* _WHAT IS REQUIRED_: Would you reproduce, word for word, only the lines running from the top of the data through the line containing "- plastic bottle (1331, 15, 1334, 20)", and none of the pictures?

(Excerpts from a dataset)

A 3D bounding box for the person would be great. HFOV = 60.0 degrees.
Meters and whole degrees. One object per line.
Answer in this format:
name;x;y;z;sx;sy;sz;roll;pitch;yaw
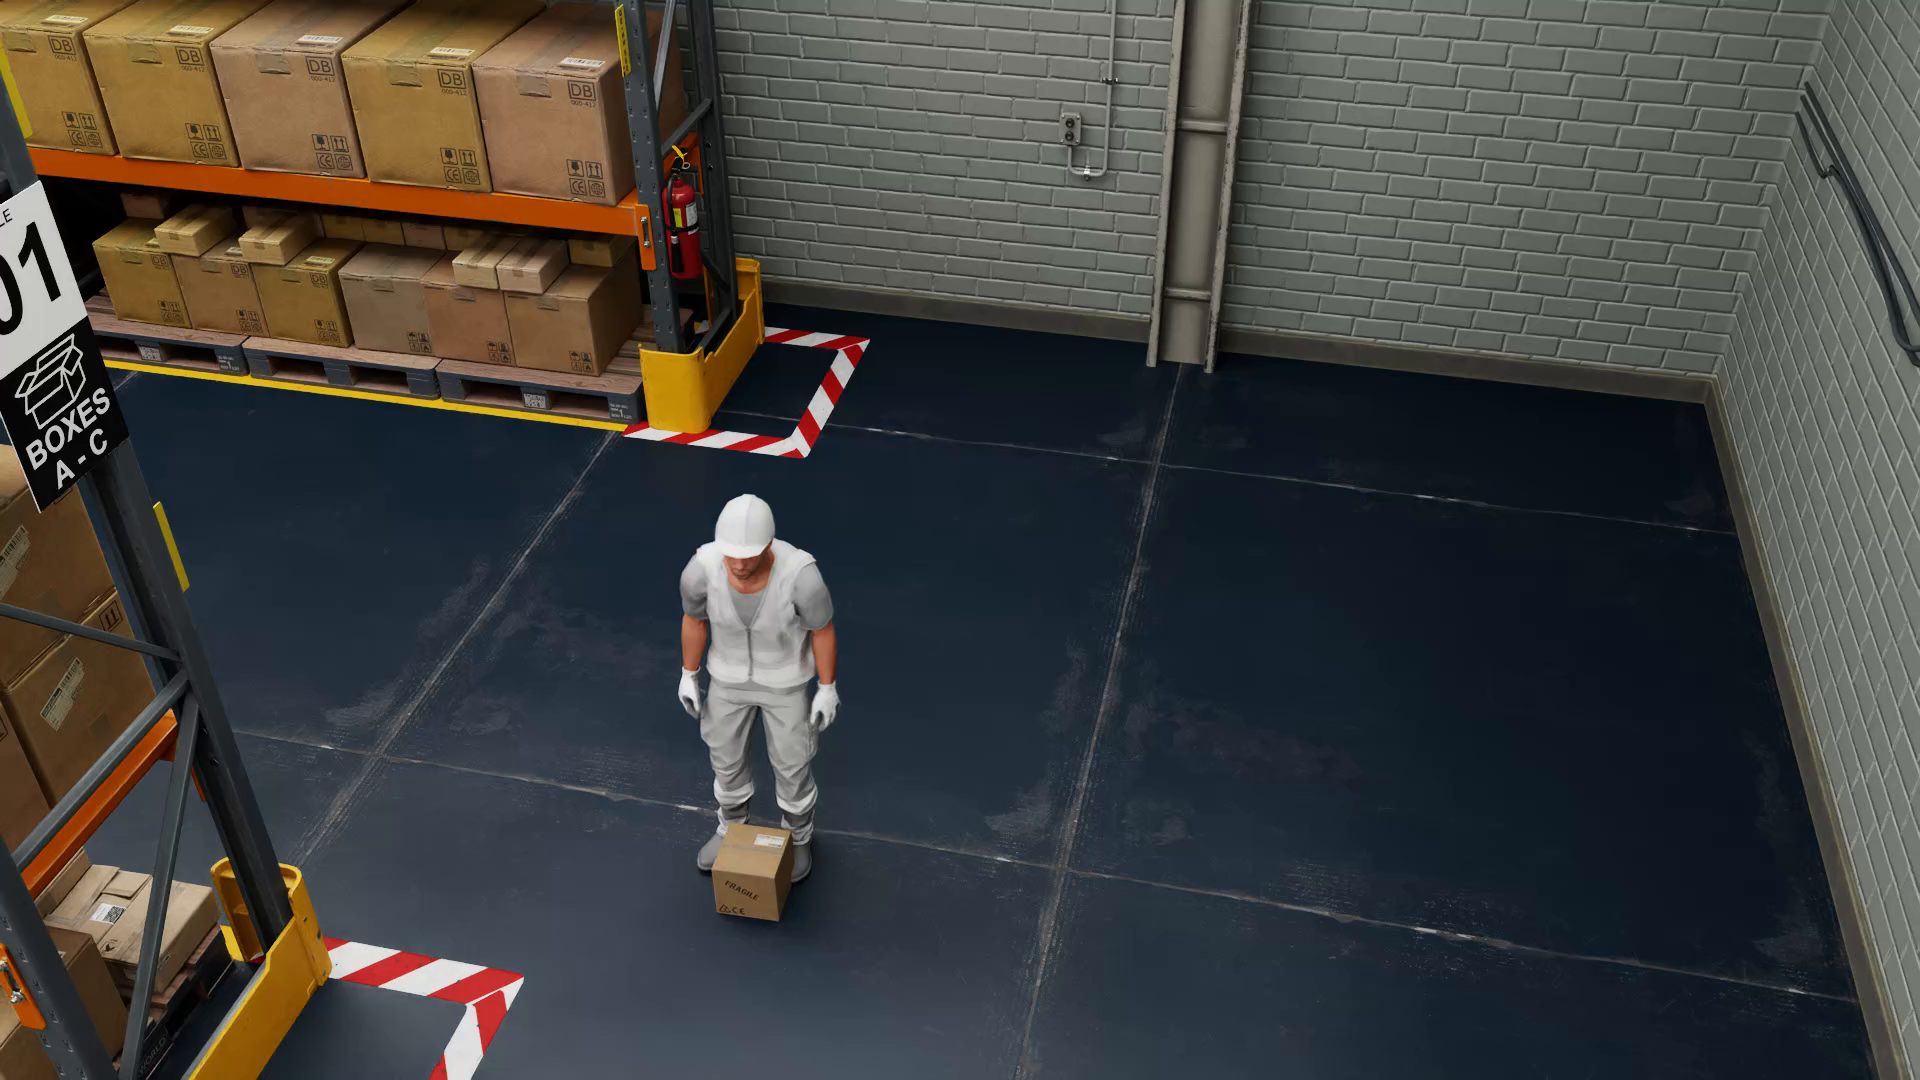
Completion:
person;-0.750;0.547;6.208;0.617;1.778;0.453;5;37;7
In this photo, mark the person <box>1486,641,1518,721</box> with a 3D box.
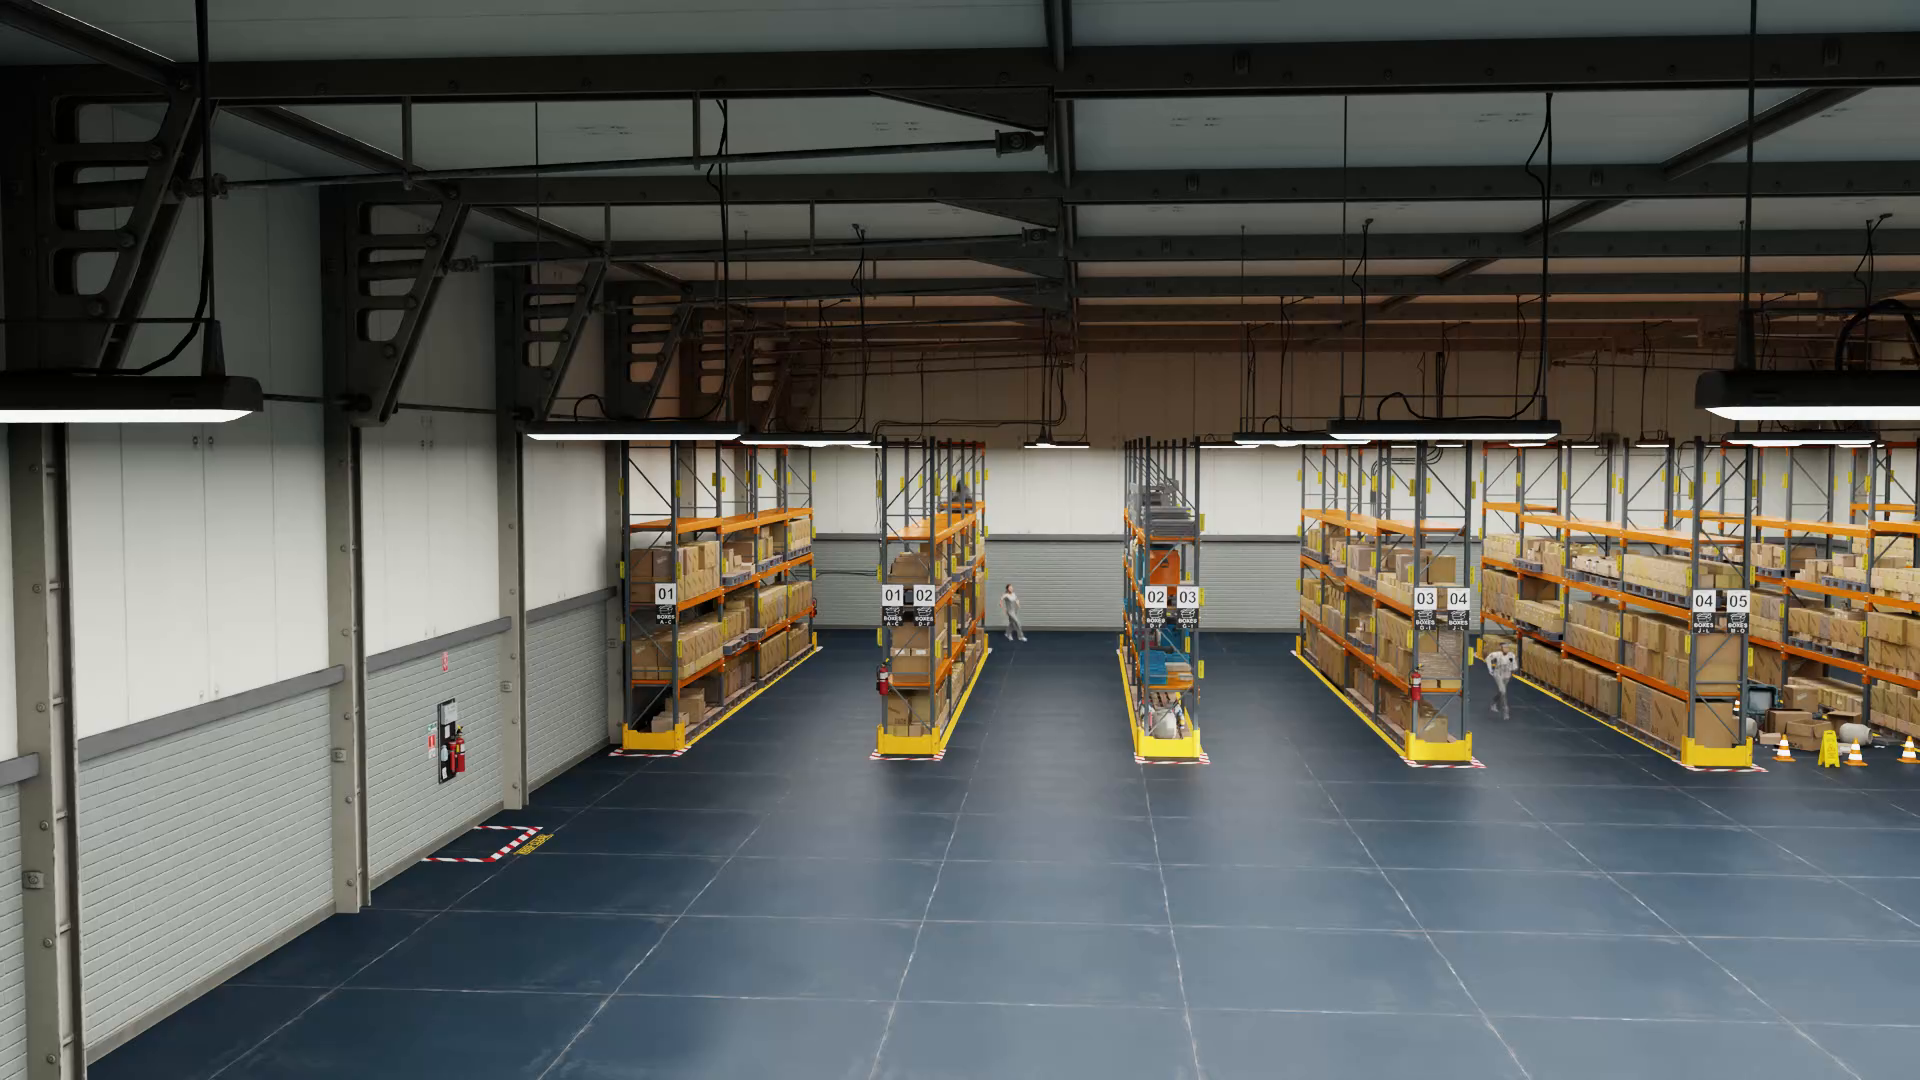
[{"bbox_3d":[11.643,2.988,35.783,0.613,1.697,0.984,0,3,-7],"label":"person"}]

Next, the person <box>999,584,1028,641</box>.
[{"bbox_3d":[1.491,2.107,47.821,0.622,1.666,0.927,-3,4,-44],"label":"person"}]

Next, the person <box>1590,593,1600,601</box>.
[{"bbox_3d":[18.095,2.319,47.401,0.660,1.737,0.684,0,3,6],"label":"person"}]
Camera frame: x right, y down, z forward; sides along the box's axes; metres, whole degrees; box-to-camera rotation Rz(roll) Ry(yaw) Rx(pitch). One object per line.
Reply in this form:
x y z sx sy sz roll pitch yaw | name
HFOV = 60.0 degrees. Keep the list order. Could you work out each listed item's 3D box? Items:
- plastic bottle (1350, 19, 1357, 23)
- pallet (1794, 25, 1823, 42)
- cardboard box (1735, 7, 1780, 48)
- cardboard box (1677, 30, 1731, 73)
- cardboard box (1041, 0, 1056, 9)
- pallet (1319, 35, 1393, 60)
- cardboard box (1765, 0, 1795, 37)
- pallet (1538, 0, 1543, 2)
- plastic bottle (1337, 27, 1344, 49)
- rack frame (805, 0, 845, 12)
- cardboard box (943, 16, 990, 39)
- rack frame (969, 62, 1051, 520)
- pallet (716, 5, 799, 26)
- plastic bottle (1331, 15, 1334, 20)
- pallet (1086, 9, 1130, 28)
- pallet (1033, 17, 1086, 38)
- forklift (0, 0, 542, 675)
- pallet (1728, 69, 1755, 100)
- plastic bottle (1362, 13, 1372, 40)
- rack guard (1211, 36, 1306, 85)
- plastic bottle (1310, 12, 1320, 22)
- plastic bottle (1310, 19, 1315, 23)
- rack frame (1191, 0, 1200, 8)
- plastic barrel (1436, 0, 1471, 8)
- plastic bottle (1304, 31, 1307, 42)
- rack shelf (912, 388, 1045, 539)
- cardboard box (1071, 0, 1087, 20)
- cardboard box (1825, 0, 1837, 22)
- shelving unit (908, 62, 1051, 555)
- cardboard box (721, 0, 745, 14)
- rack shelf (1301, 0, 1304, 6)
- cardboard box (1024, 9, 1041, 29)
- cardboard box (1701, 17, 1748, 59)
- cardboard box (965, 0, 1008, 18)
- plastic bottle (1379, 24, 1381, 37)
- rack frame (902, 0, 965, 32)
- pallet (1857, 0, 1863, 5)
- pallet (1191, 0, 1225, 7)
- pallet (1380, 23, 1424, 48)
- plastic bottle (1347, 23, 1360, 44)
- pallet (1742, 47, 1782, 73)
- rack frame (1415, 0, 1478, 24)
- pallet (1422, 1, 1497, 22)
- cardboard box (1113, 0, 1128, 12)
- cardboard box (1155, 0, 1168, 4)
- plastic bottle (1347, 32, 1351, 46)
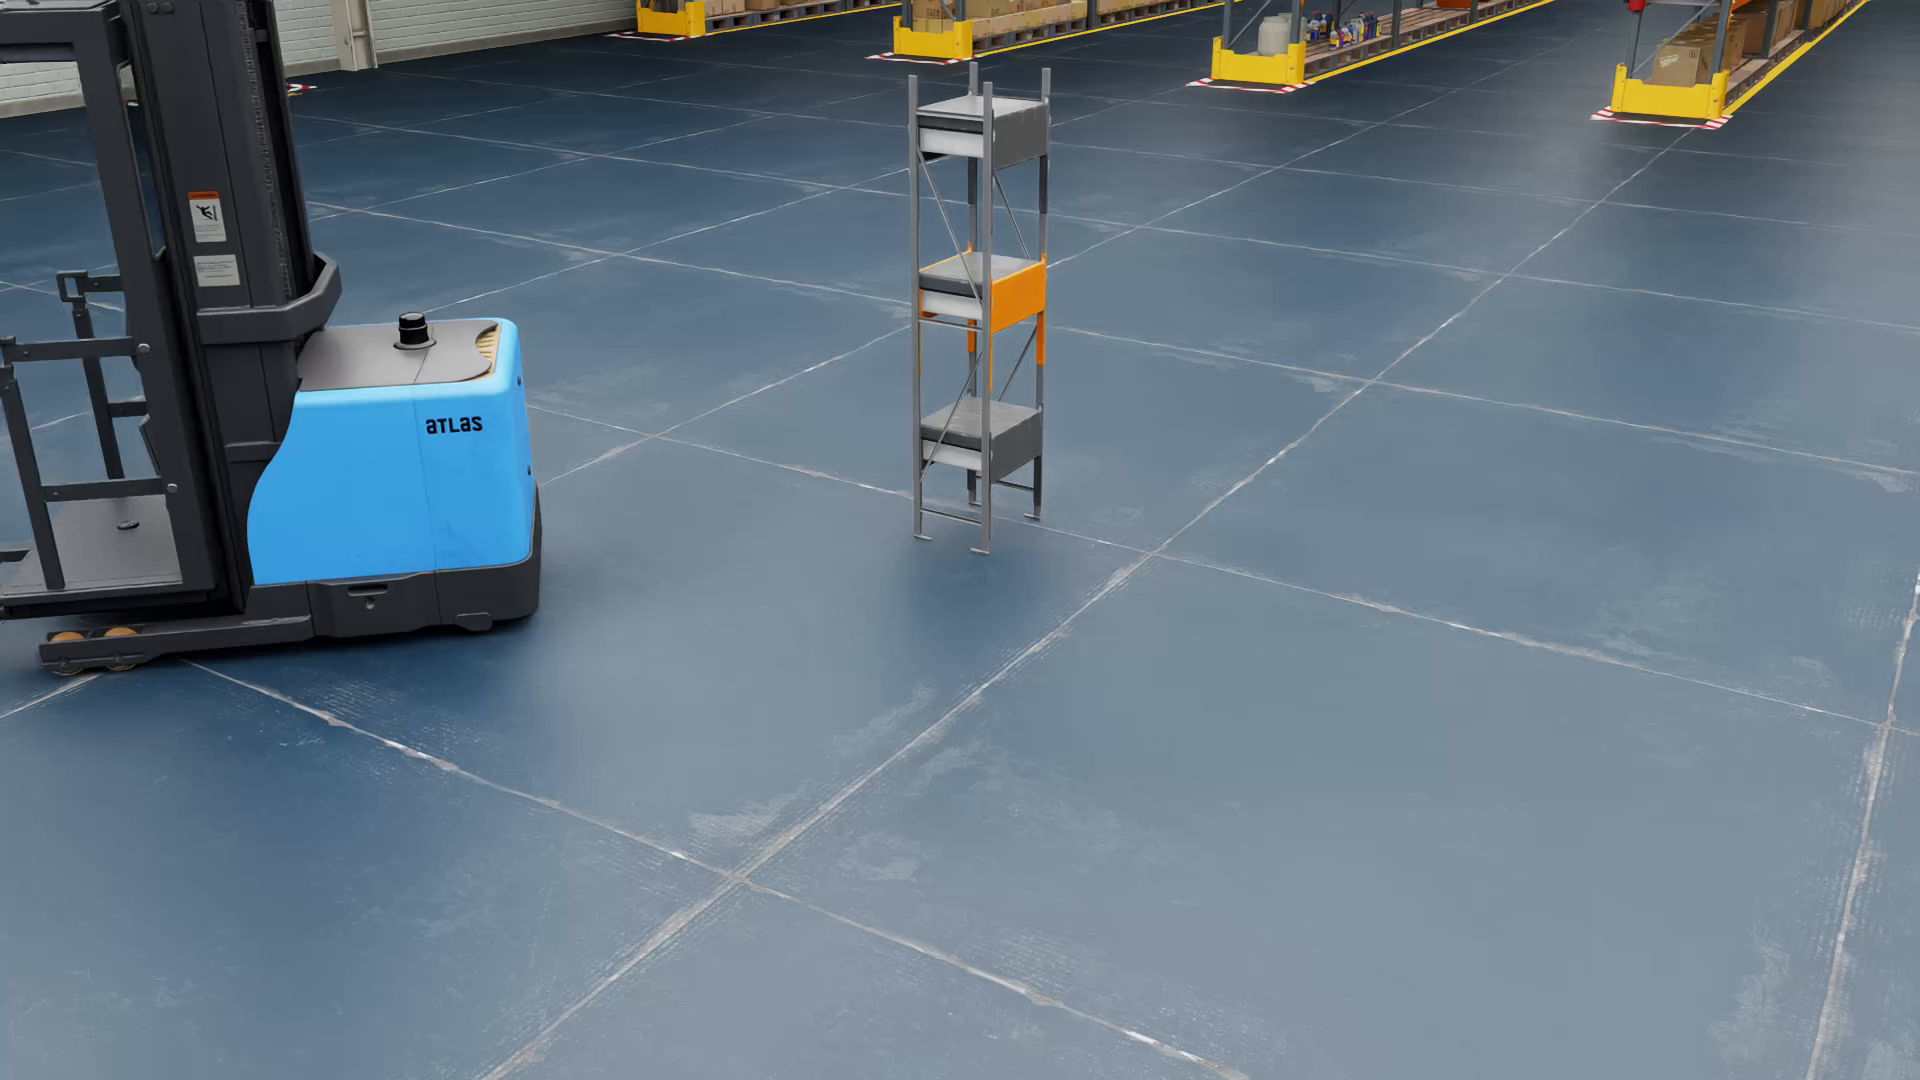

* _ANSWER BOX_:
A 3D bounding box for the person would be great. HFOV = 60.0 degrees.
Meters and whole degrees. One object per line.
Answer in this format:
name;x;y;z;sx;sy;sz;roll;pitch;yaw
Completion:
person;-0.750;0.547;6.208;0.617;1.778;0.453;5;37;7
In this photo, mark the person <box>1486,641,1518,721</box> with a 3D box.
[{"bbox_3d":[11.643,2.988,35.783,0.613,1.697,0.984,0,3,-7],"label":"person"}]

Next, the person <box>999,584,1028,641</box>.
[{"bbox_3d":[1.491,2.107,47.821,0.622,1.666,0.927,-3,4,-44],"label":"person"}]

Next, the person <box>1590,593,1600,601</box>.
[{"bbox_3d":[18.095,2.319,47.401,0.660,1.737,0.684,0,3,6],"label":"person"}]
Camera frame: x right, y down, z forward; sides along the box's axes; metres, whole degrees; box-to-camera rotation Rz(roll) Ry(yaw) Rx(pitch). One object per line.
Reply in this form:
x y z sx sy sz roll pitch yaw | name
HFOV = 60.0 degrees. Keep the list order. Could you work out each listed item's 3D box? Items:
- plastic bottle (1350, 19, 1357, 23)
- pallet (1794, 25, 1823, 42)
- cardboard box (1735, 7, 1780, 48)
- cardboard box (1677, 30, 1731, 73)
- cardboard box (1041, 0, 1056, 9)
- pallet (1319, 35, 1393, 60)
- cardboard box (1765, 0, 1795, 37)
- pallet (1538, 0, 1543, 2)
- plastic bottle (1337, 27, 1344, 49)
- rack frame (805, 0, 845, 12)
- cardboard box (943, 16, 990, 39)
- rack frame (969, 62, 1051, 520)
- pallet (716, 5, 799, 26)
- plastic bottle (1331, 15, 1334, 20)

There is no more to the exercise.